PROBLEM STATEMENT | An exact transcription of every record is needed, leaving out the pictures.
───
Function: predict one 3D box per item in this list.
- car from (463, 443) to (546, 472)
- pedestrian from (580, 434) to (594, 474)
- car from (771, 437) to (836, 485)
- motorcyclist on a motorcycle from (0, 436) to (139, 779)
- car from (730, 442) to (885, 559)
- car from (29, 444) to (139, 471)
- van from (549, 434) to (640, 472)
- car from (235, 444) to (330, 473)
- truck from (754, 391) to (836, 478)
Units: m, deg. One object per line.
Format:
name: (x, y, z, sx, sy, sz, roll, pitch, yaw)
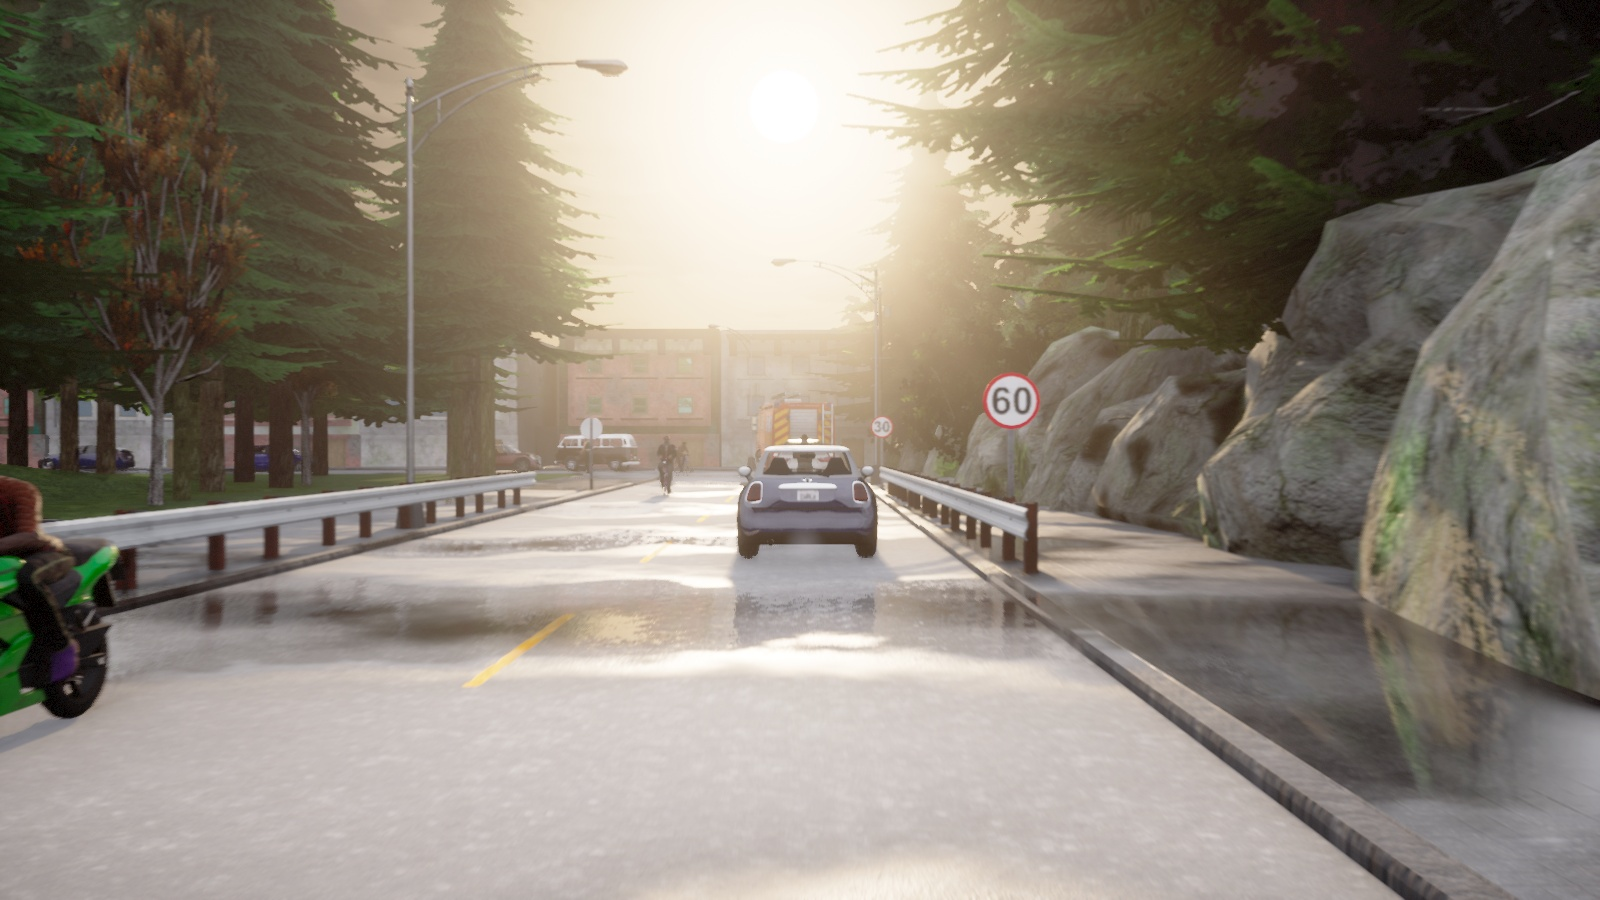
───
ANSWER SECTION |
Function: predict one 3D box per item in this list.
- car from (463, 443) to (546, 472)
- pedestrian from (580, 434) to (594, 474)
- car from (771, 437) to (836, 485)
- motorcyclist on a motorcycle from (0, 436) to (139, 779)
- car from (730, 442) to (885, 559)
- car from (29, 444) to (139, 471)
- van from (549, 434) to (640, 472)
- car from (235, 444) to (330, 473)
- truck from (754, 391) to (836, 478)
Units: m, deg. One object per line.
Format:
name: (x, y, z, sx, sy, sz, roll, pitch, yaw)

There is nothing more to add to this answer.